The Bank of England, for example, has been far quicker to warn of wage restraint than price restraint. In May, it simply suggested that some businesses had seen margins squeezed and would try to rebuild margins as their costs fall. By contrast, a study by the European Central Bank pinpointed greedflation as an explanation for inflation in the eurozone hitting its highest level since the creation of the single currency. The eurozone’s central bank looked at the contribution of profits to inflation over the last 25 years, concluding that while on average profits were responsible for one-third of the inflation rate, in 2022 profits contributed to two-thirds.
European countries have also been quicker to intervene recently as they strive to curb food inflation. In France, for example, where food inflation is at 15.9%, the government has made a loose agreement with supermarkets to reduce the price on a selection of products “to the lowest possible level”.
Cut sales taxes
Hungary has implemented a firmer policy in which certain food items must be discounted by at least 10% compared with the lowest price in the past 30 days. Spain, Portugal and Italy are among those to cut sales taxes on food products to ease the burden on shoppers.

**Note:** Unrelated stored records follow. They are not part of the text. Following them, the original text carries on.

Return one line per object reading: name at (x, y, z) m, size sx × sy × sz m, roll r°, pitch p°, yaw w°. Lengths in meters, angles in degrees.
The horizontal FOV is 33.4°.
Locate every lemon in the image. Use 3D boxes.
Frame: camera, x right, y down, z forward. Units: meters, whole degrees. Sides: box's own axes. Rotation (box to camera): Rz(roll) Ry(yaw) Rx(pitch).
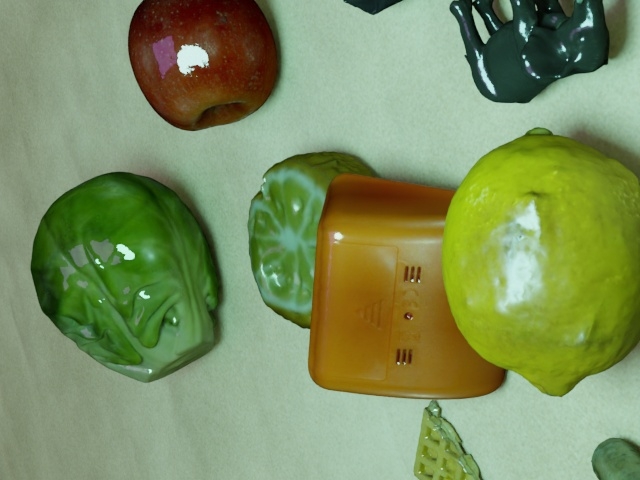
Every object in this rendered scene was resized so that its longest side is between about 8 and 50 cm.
lemon at (0.244, 0.022, 1.140) m, size 0.233 × 0.233 × 0.288 m, roll -15°, pitch 76°, yaw 51°

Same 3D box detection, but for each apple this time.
apple at (-0.174, -0.275, 1.571) m, size 0.218 × 0.218 × 0.201 m, roll -28°, pitch 75°, yaw 50°

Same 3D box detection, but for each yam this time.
yam at (0.361, 0.298, 1.089) m, size 0.317 × 0.067 × 0.071 m, roll -118°, pitch 22°, yaw -70°

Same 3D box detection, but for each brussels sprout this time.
brussels sprout at (-0.314, 0.064, 1.783) m, size 0.289 × 0.281 × 0.355 m, roll -30°, pitch 93°, yaw 24°

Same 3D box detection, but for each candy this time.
candy at (0.000, 0.000, 1.508) m, size 0.259 × 0.118 × 0.260 m, roll 14°, pitch 110°, yaw 43°

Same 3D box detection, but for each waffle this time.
waffle at (0.205, 0.307, 1.412) m, size 0.191 × 0.032 × 0.125 m, roll 26°, pitch 116°, yaw 42°

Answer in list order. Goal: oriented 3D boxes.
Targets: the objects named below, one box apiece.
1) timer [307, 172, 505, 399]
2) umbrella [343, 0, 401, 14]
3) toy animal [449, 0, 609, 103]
timer at (0.117, 0.067, 1.325) m, size 0.249 × 0.161 × 0.258 m, roll 5°, pitch 108°, yaw 4°
umbrella at (0.148, -0.352, 1.271) m, size 0.340 × 0.118 × 0.118 m, roll -7°, pitch 94°, yaw 41°
toy animal at (0.240, -0.234, 1.173) m, size 0.245 × 0.114 × 0.146 m, roll 148°, pitch 101°, yaw -74°
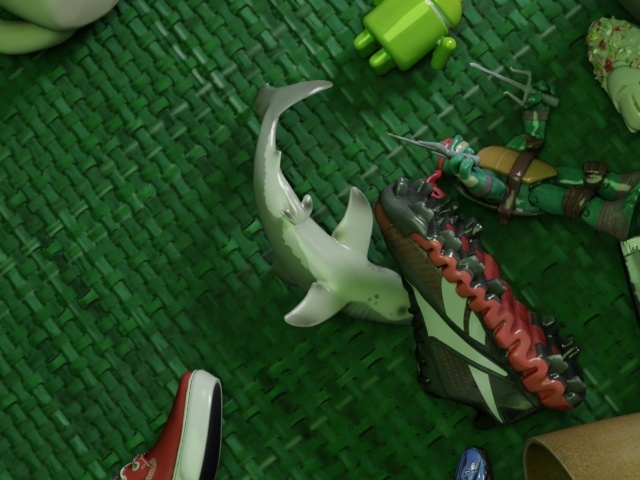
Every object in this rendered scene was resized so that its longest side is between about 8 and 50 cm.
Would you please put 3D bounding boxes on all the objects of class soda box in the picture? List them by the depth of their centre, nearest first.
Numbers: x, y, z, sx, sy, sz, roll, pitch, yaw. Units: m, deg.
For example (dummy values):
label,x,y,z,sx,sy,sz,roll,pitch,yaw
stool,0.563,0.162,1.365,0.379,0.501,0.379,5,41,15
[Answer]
label,x,y,z,sx,sy,sz,roll,pitch,yaw
soda box,0.319,0.074,1.453,0.053,0.060,0.169,-14,83,8

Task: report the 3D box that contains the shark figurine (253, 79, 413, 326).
label,x,y,z,sx,sy,sz,roll,pitch,yaw
shark figurine,-0.025,-0.013,1.497,0.166,0.116,0.278,-29,88,-30

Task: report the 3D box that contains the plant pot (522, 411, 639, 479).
label,x,y,z,sx,sy,sz,roll,pitch,yaw
plant pot,0.339,0.234,1.369,0.254,0.237,0.237,-21,81,-10

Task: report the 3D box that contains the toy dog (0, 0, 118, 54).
label,x,y,z,sx,sy,sz,roll,pitch,yaw
toy dog,-0.311,-0.422,1.515,0.408,0.395,0.284,44,47,10

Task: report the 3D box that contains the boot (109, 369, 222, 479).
label,x,y,z,sx,sy,sz,roll,pitch,yaw
boot,-0.193,0.229,1.499,0.176,0.088,0.244,13,89,11

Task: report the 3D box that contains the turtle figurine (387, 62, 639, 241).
label,x,y,z,sx,sy,sz,roll,pitch,yaw
turtle figurine,0.187,-0.072,1.465,0.234,0.118,0.175,19,46,14

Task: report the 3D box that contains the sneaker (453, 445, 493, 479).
label,x,y,z,sx,sy,sz,roll,pitch,yaw
sneaker,0.089,0.284,1.455,0.087,0.083,0.221,29,86,15

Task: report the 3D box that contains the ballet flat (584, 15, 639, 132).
label,x,y,z,sx,sy,sz,roll,pitch,yaw
ballet flat,0.329,-0.113,1.453,0.241,0.091,0.077,41,58,11

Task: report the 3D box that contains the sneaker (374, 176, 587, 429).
label,x,y,z,sx,sy,sz,roll,pitch,yaw
sneaker,0.119,0.069,1.428,0.135,0.097,0.276,-32,112,21

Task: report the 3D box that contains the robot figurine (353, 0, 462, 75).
label,x,y,z,sx,sy,sz,roll,pitch,yaw
robot figurine,0.086,-0.209,1.514,0.115,0.067,0.101,-41,75,2

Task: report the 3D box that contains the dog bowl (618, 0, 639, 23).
label,x,y,z,sx,sy,sz,roll,pitch,yaw
dog bowl,0.351,-0.221,1.378,0.265,0.265,0.104,45,93,10
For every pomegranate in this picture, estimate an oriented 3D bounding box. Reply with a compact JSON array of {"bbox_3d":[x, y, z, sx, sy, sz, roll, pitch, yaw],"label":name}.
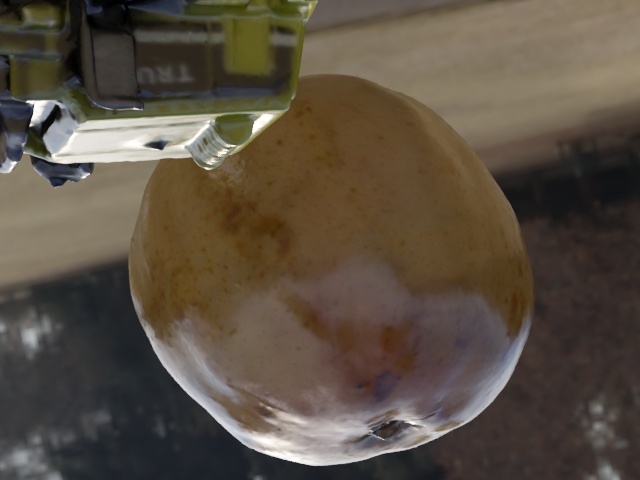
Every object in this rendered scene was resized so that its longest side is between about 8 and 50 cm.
[{"bbox_3d":[0.007,0.013,0.906,0.207,0.207,0.207,-13,177,-1],"label":"pomegranate"}]

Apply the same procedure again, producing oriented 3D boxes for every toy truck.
[{"bbox_3d":[-0.144,-0.080,0.591,0.285,0.111,0.136,3,166,-19],"label":"toy truck"}]
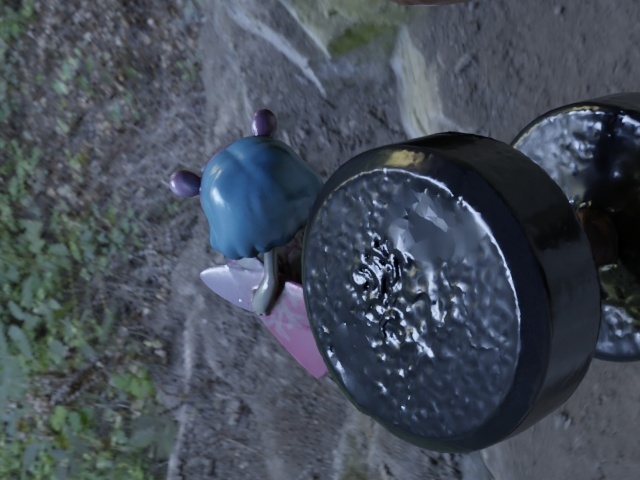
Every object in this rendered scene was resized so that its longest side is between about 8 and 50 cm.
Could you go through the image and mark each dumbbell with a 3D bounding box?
[{"bbox_3d":[0.113,0.009,0.587,0.152,0.218,0.152,17,114,43],"label":"dumbbell"}]

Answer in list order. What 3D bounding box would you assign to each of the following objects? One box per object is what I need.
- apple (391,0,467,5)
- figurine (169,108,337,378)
[{"bbox_3d":[0.112,-0.372,1.092,0.301,0.301,0.301,-2,76,9],"label":"apple"},{"bbox_3d":[-0.001,0.006,0.996,0.205,0.103,0.260,-34,110,-5],"label":"figurine"}]
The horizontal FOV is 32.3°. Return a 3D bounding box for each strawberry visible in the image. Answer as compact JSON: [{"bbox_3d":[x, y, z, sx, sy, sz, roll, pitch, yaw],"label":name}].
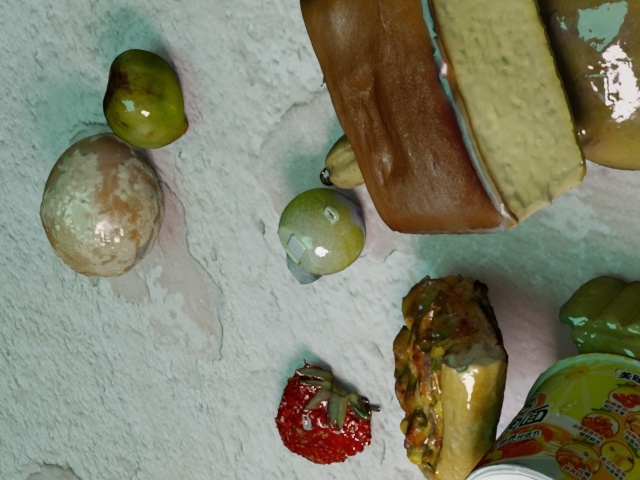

The UK is now considering following the lead set by France in asking supermarkets to cap prices on a selection of items, according to reports in the Daily Telegraph last week. While the plans are still only at “the drawing board stage”, they have already been given short shrift by supermarkets and MPs alike.
“This will not make a jot of difference to prices,” said Andrew Opie, director of food and sustainability at the BRC, who instead blamed the government’s “muddle of new regulation” for keeping prices high.
Independent experts tend to agree. “We believe [price caps] will not affect pricing strategies significantly,” said the Economist Intelligence Unit in a recent briefing. It argued that rather than supermarkets being the main inflictors of excess profit, comparisons of food price indices across the supply chain “suggest that food producers have been raising prices more rapidly than retailers, generating substantial profits as commodity prices fall”.
It will take a brave Downing Street to implement any caps in the face of such evidence-backed resistance.